■ Records for this exercise ■
╔══

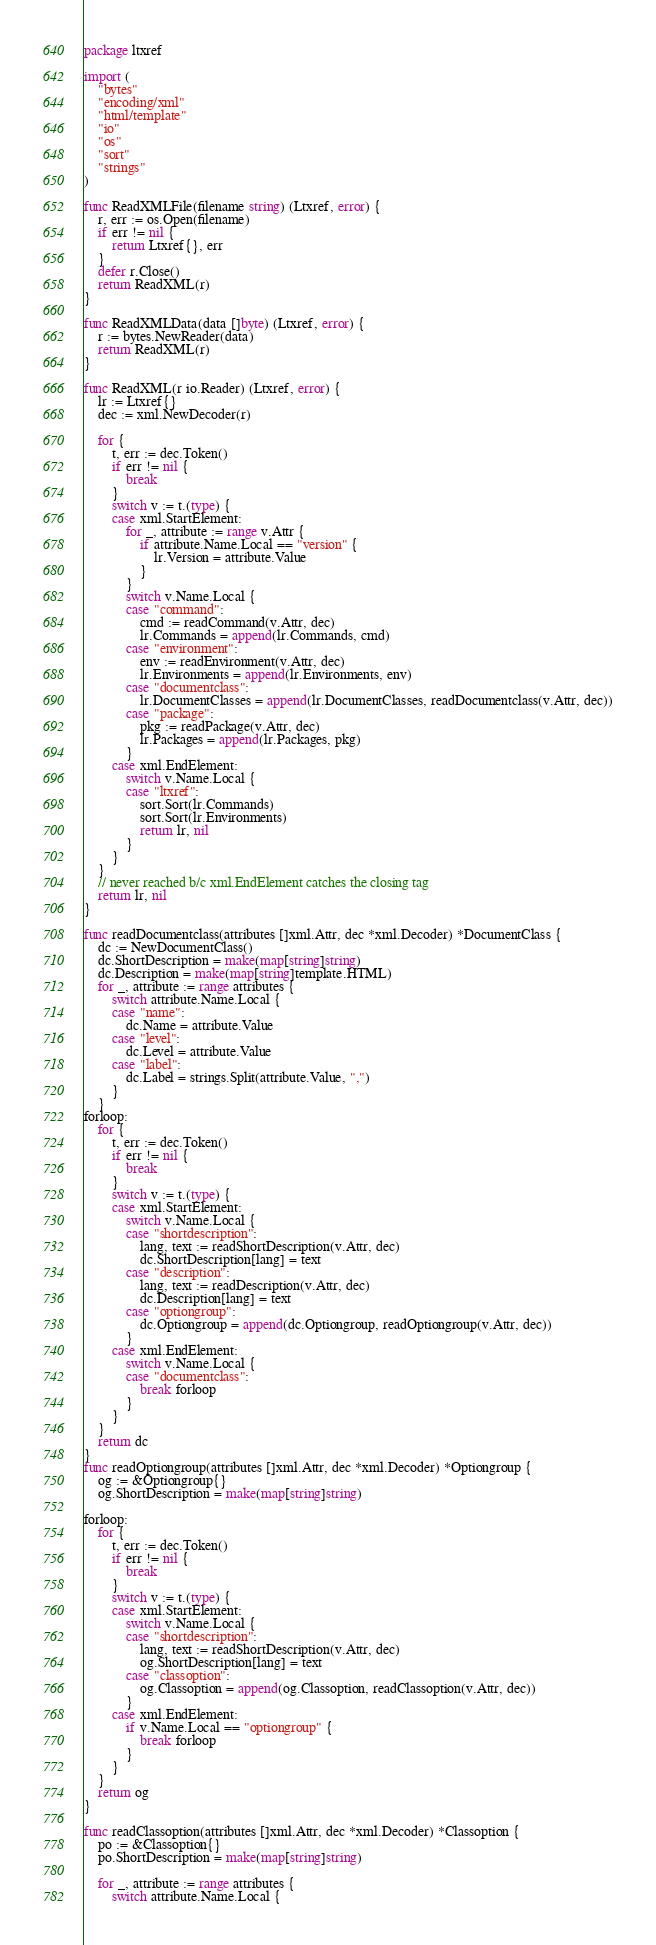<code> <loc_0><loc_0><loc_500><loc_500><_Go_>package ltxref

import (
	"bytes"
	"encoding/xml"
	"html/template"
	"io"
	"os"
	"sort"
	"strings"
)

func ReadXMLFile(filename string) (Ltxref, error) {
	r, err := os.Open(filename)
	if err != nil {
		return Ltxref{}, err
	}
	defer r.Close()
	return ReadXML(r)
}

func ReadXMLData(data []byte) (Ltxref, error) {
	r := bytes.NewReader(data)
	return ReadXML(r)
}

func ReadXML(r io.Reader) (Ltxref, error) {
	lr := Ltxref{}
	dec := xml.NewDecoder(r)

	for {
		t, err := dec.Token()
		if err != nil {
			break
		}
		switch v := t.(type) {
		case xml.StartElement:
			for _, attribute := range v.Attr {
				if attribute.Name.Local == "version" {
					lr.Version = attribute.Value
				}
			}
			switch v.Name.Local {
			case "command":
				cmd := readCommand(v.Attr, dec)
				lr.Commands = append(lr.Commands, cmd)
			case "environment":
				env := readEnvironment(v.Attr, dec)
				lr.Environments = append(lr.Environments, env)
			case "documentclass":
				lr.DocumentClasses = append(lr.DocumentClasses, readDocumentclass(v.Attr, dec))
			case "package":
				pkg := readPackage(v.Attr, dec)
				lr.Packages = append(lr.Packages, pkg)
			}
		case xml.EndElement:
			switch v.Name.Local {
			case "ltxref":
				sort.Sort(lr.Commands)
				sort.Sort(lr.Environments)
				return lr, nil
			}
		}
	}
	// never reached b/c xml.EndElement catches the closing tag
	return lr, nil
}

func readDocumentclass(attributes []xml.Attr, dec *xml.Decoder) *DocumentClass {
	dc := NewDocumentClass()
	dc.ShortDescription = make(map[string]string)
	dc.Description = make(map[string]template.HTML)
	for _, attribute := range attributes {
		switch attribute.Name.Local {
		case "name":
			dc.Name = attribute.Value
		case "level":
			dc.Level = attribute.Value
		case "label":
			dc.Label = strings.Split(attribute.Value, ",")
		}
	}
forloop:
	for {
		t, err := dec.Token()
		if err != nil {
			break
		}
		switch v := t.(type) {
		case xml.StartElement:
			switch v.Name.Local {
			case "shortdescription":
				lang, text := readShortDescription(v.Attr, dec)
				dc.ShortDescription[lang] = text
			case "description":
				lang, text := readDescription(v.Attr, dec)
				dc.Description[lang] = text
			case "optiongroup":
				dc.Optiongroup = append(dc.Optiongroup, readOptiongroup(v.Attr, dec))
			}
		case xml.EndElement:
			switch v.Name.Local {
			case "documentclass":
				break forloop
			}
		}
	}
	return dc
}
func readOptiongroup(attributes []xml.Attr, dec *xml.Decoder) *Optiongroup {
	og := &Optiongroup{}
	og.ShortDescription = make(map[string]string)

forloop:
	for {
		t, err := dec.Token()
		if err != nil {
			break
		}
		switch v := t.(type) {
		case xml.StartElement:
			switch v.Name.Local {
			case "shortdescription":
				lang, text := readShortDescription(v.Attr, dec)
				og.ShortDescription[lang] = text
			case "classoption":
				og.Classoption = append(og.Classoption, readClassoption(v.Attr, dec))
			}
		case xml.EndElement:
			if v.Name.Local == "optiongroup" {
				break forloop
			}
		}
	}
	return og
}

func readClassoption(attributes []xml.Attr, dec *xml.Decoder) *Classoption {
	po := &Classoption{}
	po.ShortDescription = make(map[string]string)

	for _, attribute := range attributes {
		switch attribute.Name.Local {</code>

╚══
╔══

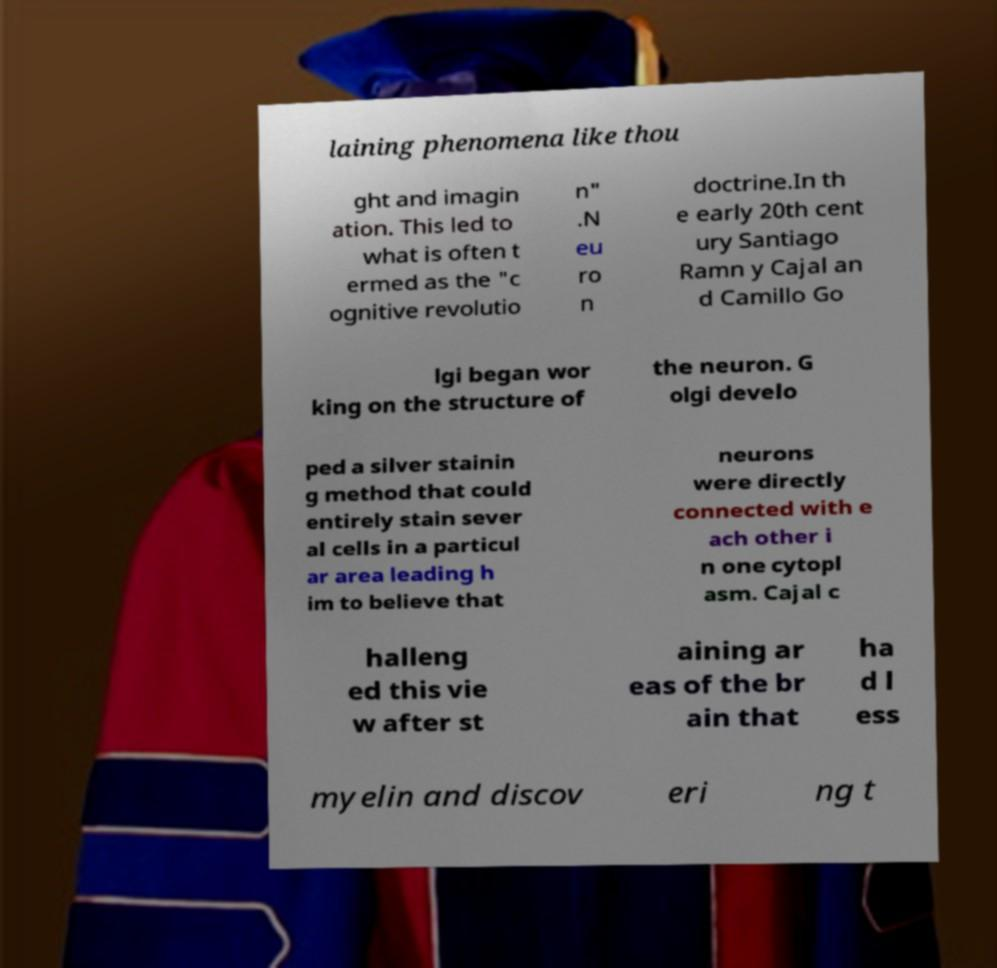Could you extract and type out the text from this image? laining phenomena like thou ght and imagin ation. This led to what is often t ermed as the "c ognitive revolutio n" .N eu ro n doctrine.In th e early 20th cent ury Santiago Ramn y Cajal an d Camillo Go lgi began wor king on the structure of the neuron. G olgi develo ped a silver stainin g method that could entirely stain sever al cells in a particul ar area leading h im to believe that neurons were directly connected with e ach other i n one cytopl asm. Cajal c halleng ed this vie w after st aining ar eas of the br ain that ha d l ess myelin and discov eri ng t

╚══

■ What this task involves ■
From the data, collect all lines where the string "readDocumentclass" appears.

■ Output of the task ■
				lr.DocumentClasses = append(lr.DocumentClasses, readDocumentclass(v.Attr, dec))
func readDocumentclass(attributes []xml.Attr, dec *xml.Decoder) *DocumentClass {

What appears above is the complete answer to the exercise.